時間内に早く正確に本文の情報を処理できるかが勝負!
【傾向】
■出題形式
<経営学部以外>
100分で、現代文1題・古文1題・漢文1題。記述式が基本で、字数制限が設けられている設問が大半を占める。
<経営学部>
80分で、現代文1題・古文1題。現代文、古文の内容ともに他学部の内容と共通。
<経営学部>
80分で、現代文1題・古文1題。現代文、古文の内容ともに他学部の内容と共通。
■傾向について
現代文は、主に評論で、哲学・社会学など幅広い分野から出題される。論理展開が明確で読みやすいものが多いものの、本文の分量がかなり多い(5000字程度)。また、設問も合計400字程度の記述量が要求され、時間内に答案を仕上げるのが難しい。東大・京大や阪大の一部の設問のように、「自分の言葉で」説明させる設問はあまり見られないが、その分だけ本文根拠を素早く正確に見抜き、字数制限内で内容をまとめるという「情報処理」的な思考法・解き方が重要である。勿論、「それっぽい」箇所を抜き出すだけでは解けないので、本文内容を理解する必要があることは大前提である。例年、60~100字程度の記述問題が3問と、全体の要約が必要となる160字程度の記述問題が1問、「漢字の書き取り」が1問(5つの書き取り)出題されている。
古文は、物語・日記・説話・評論など様々なジャンルから出題されるが、説話や軍記物語など中世の出典がやや多く、読みやすい文章が多い。設問は文法・現代語訳・内容説明などに加え、文学史知識が1問程度問われることが特徴である。現代文や漢文に比して、文法・単語や文学史などの知識が定着していれば取り組みやすい大問であり、受験生にとっては比較的短時間で得点を稼ぎやすいと言える。ただし、読みづらい文章が出題される年度もあり、また問われる文学史知識も文学ジャンルや作品名のみならず、作品の内容に関する知識が問われることもあり「(『伊勢物語』の主人公の名前」→「在原業平」や「後鳥羽院に関係の深い歌集」→『新古今和歌集』など)、決して油断はできない。

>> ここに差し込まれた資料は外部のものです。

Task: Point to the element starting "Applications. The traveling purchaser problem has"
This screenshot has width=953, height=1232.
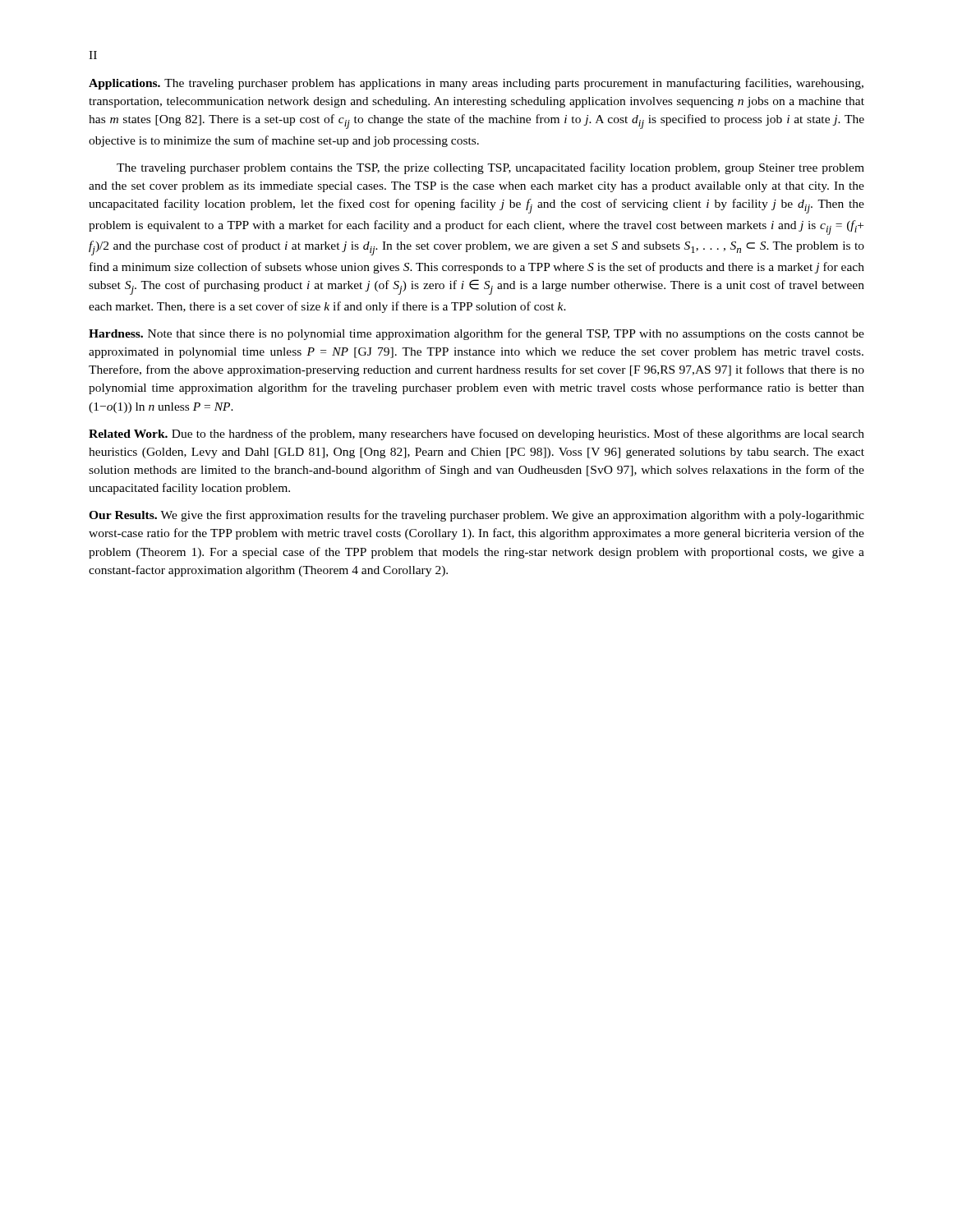Action: click(476, 112)
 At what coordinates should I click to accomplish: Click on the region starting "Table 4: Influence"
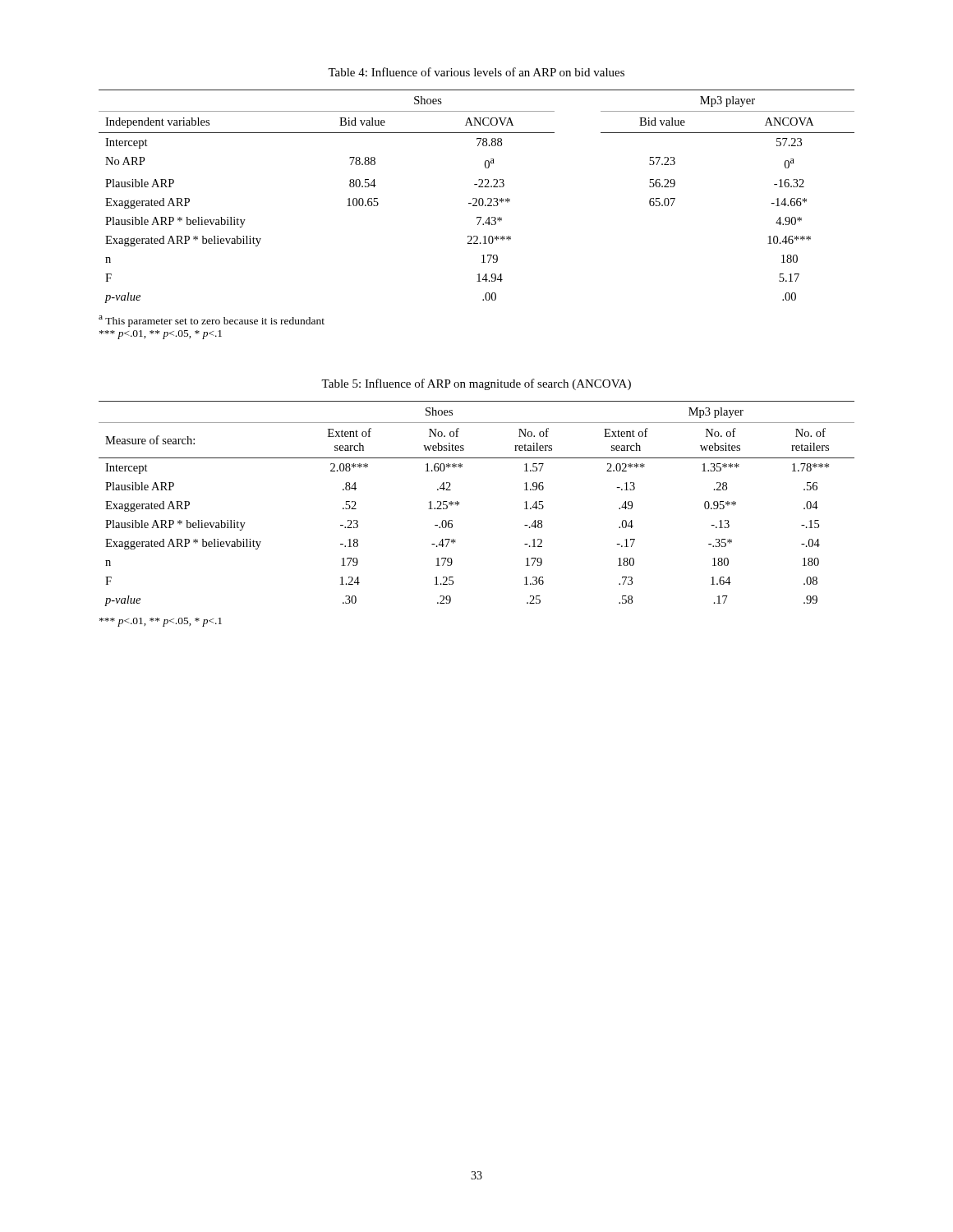476,72
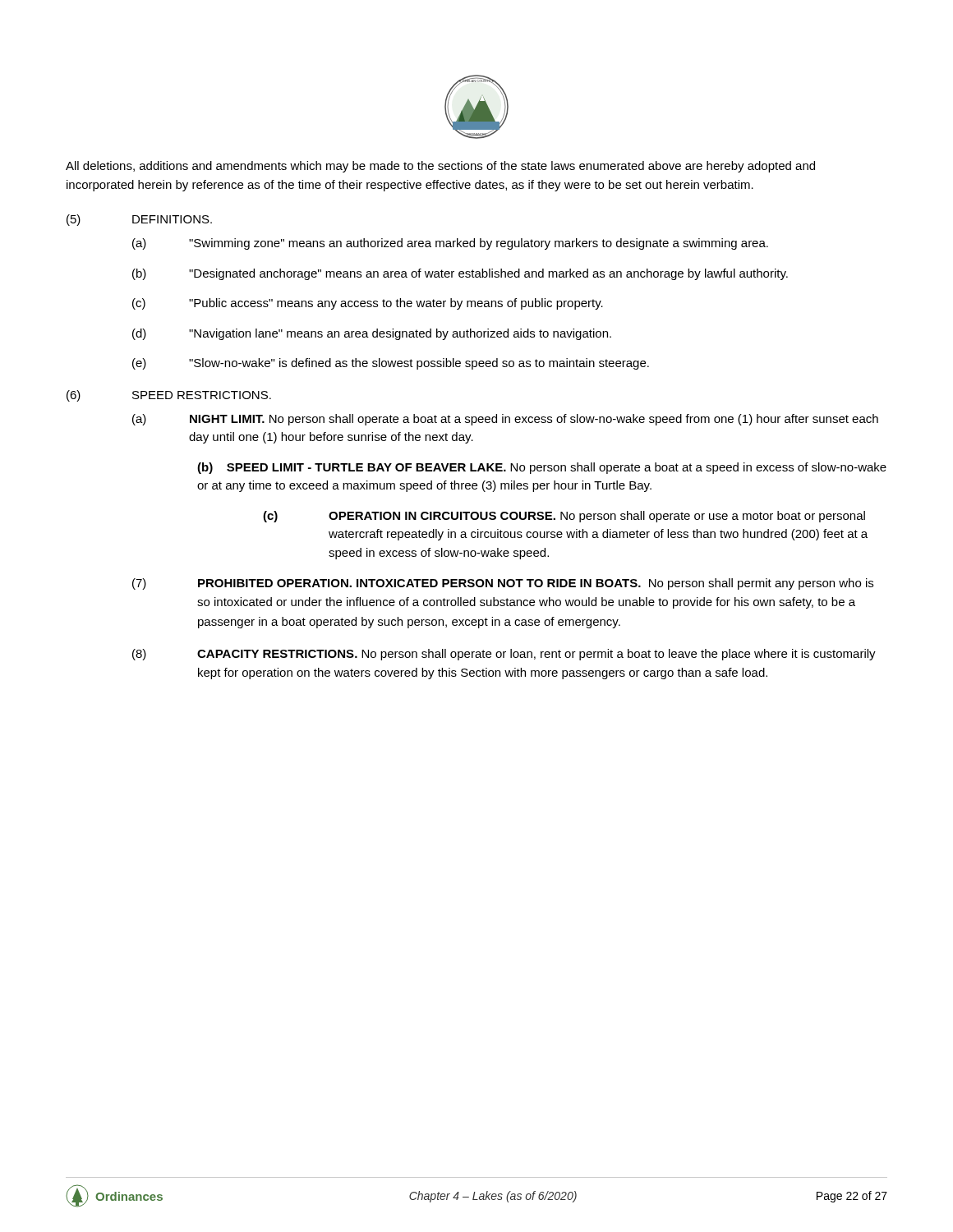Navigate to the passage starting "(c) OPERATION IN"
Viewport: 953px width, 1232px height.
click(x=575, y=534)
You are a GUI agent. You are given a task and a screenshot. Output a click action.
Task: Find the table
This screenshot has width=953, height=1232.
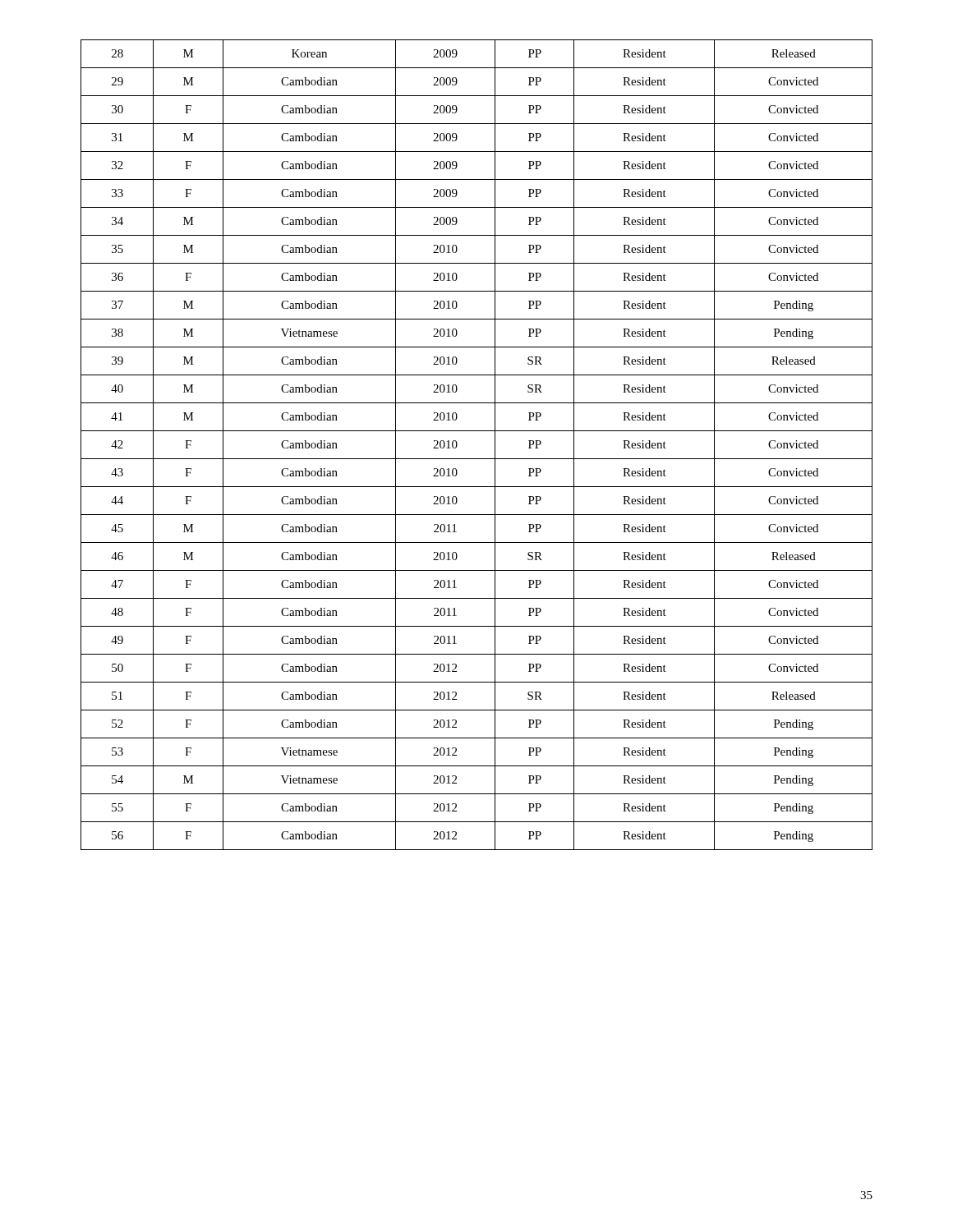[x=476, y=445]

漢文は、説話・評論・随筆など様々なジャンルから出題され、必要とされる知識は標準的なものがほとんどである。ただし文章自体は古文に比してやや難しいものが多い。設問は基本的な漢字や句形の読み方・書き下し文を答えさせるものと、現代語訳・内容説明があるが、現代語訳・内容説明ともに文章の内容を正確に理解していないと答えづらいものが多い。更に、神大の国語では現代文に多くの時間が取られるため、比較的短時間で解答しなければならない点も難度を高めている。全体として共通テストレベルよりもさらに踏み込んだ学習が必要である。なお、古文と異なり、文学史知識は問われていない。